ITEM 3.  INCORPORATION OF DOCUMENTS BY REFERENCE.

     The following documents filed by the Registrant with the Securities and
Exchange Commission (the "Commission") are incorporated by reference into this
Registration Statement:

     1.   Registrant's Report on Form 10-K405 for the year ended March 31, 1999,
          filed on or about July 8, 1999, as amended;

     2.   Registrant's Quarterly Reports on Form 10-Q, filed on August 16, 1999
          and November 12, 1999.

     3.   Registrant's Proxy Statement for the 1999 Annual Meeting of
          Stockholders, filed October 1, 1999;

     5.   The description of the Registrant's Common Stock contained in its
          Registration Statement on Form 8-A, as filed with the Commission,
          pursuant to Section 12 of the Securities Exchange Act of 1934, as
          amended (the "Exchange Act"), including any amendment or report filed
          for the purpose of updating such description.

     5.   All documents filed by the Registrant pursuant to Sections 13(a),
          13(c), 14 and 15(d) of the Exchange Act after the date of this
          registration statement and prior to the filing of a post-effective
          amendment that indicates that all securities offered have been sold or
          the deregisters all securities then remaining unsold, shall be deemed
          to be incorporated by reference in this registration statement and to
          part hereof from the date of filing such documents.

ITEM 4.  DESCRIPTION OF SECURITIES.

     Not applicable.

ITEM 5.  INTERESTS OF NAMED AND EXPERT COUNSEL.

     As of January 20, 2000, attorneys of Cooley Godward LLP held 15,000 shares
of Common Stock of Registrant.

ITEM 6.  INDEMNIFICATION OF DIRECTORS AND OFFICERS.

     Section 145 ("Section 145") of the Delaware General Corporation Law
("DGCL") provides generally and in pertinent part that a Delaware corporation
may indemnify its directors, officers, employees and agents against
expenses(including attorneys' fees), judgments, fines and settlements actually
and reasonably incurred by them in connection with any civil, criminal,
administrative or investigative action, suit or proceeding (except actions by or
in the right of the corporation), if, they acted in good faith and in a manner
they reasonably believed to be in, or not opposed to, the best interests of the
corporation, and, with respect to any criminal suit or proceeding, they had no
reasonable cause to believe their conduct was unlawful.
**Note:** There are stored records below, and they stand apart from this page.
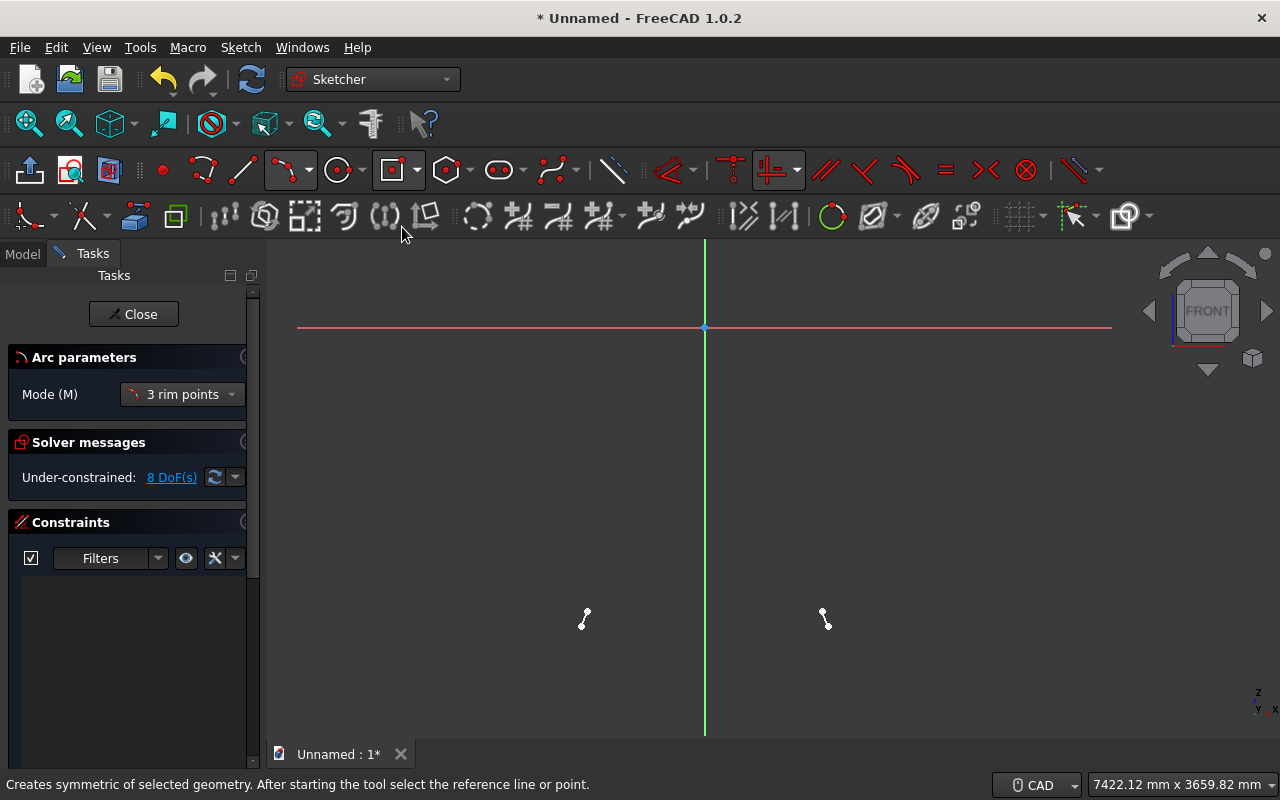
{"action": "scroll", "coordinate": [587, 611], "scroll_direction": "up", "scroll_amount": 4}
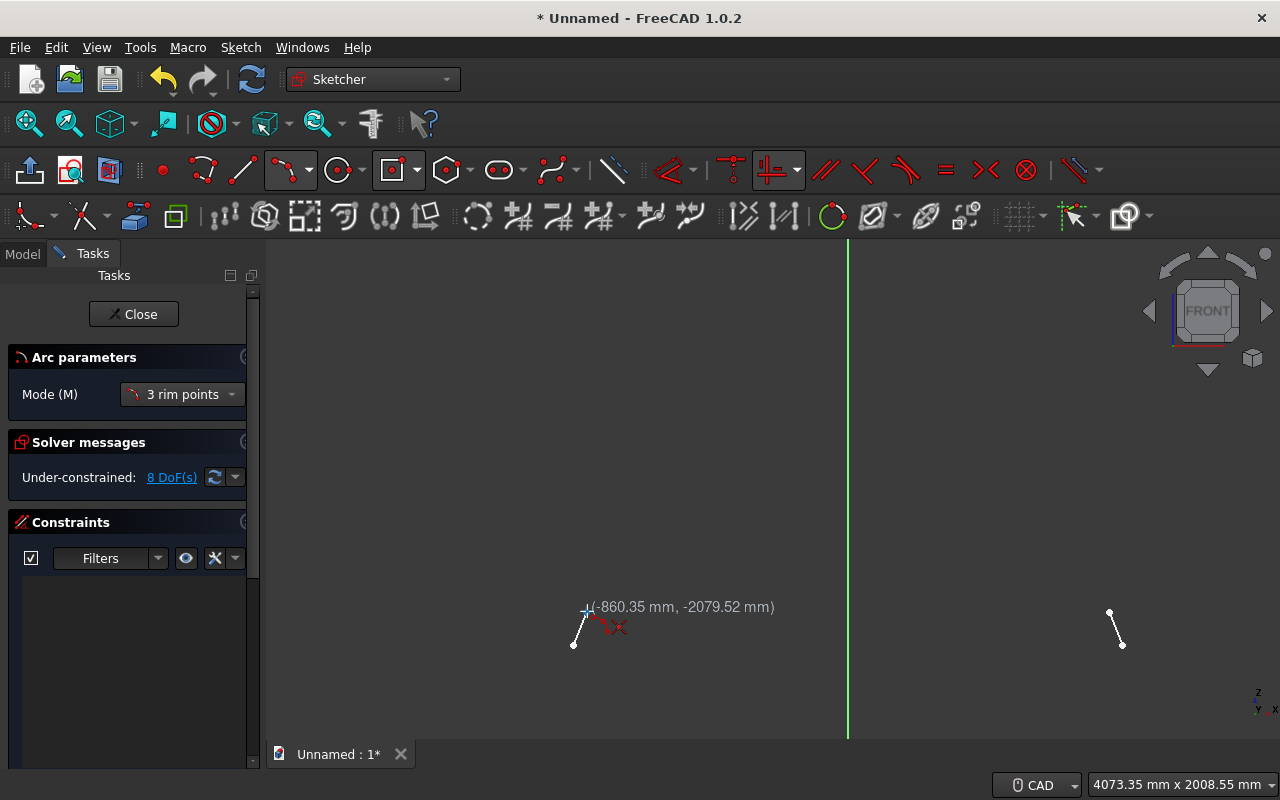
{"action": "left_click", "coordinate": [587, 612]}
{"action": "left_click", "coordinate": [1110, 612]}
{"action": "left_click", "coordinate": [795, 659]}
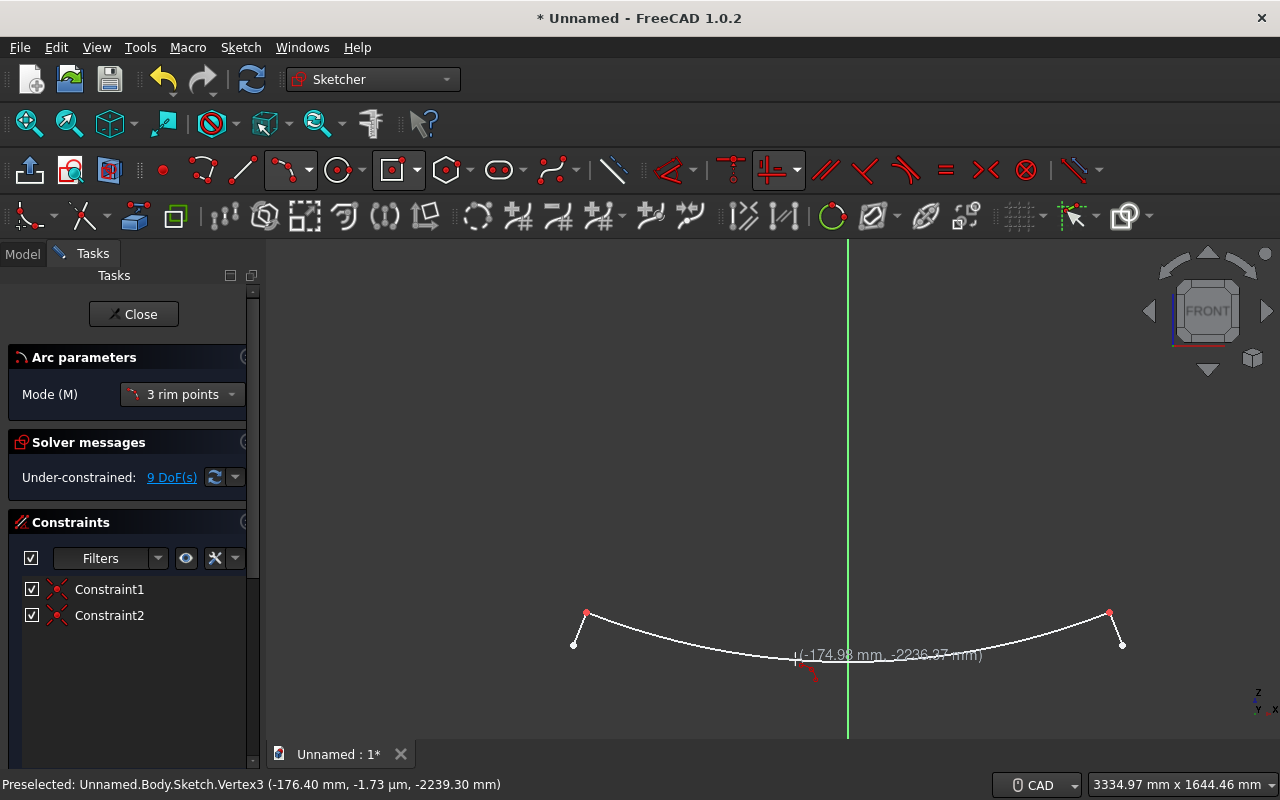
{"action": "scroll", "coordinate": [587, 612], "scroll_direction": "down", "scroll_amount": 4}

Section 145 further
provides that, in connection with the defense or settlement of any action by or
in the right of the corporation, a Delaware corporation may indemnify its
directors, officers, employees and agents against expenses actually and
reasonably incurred by them if they acted in good faith and in a manner they
reasonably believed to be in, or not opposed to, the best interests of the
corporation, except that no indemnification shall be made in respect of any
claim, issue or matter as to which such person shall have been adjudged to be
liable to the corporation, absent a determination by a court that such indemnity
is proper. Section 145 further permits a Delaware corporation to grant its
directors, officers, employees and agents additional rights of indemnification
through bylaw provisions and otherwise.

     Section 145 further permits a Delaware corporation to purchase and maintain
insurance on behalf of any persons who are or were directors, officers,
employees or agents of the corporation, or are ore were serving at the
<PAGE>

request of the corporation as directors, officers, employees or agents of the
corporation, or are or were serving at the request of the corporation as
directors, officers, employees or agents of another corporation, partnership,
joint venture, trust or other enterprise against any liability asserted against
them and incurred by them in any such capacity, or arising out of their status
as such, whether or not the corporation would have the power to indemnify them
against such liability under the other provisions of Section 145.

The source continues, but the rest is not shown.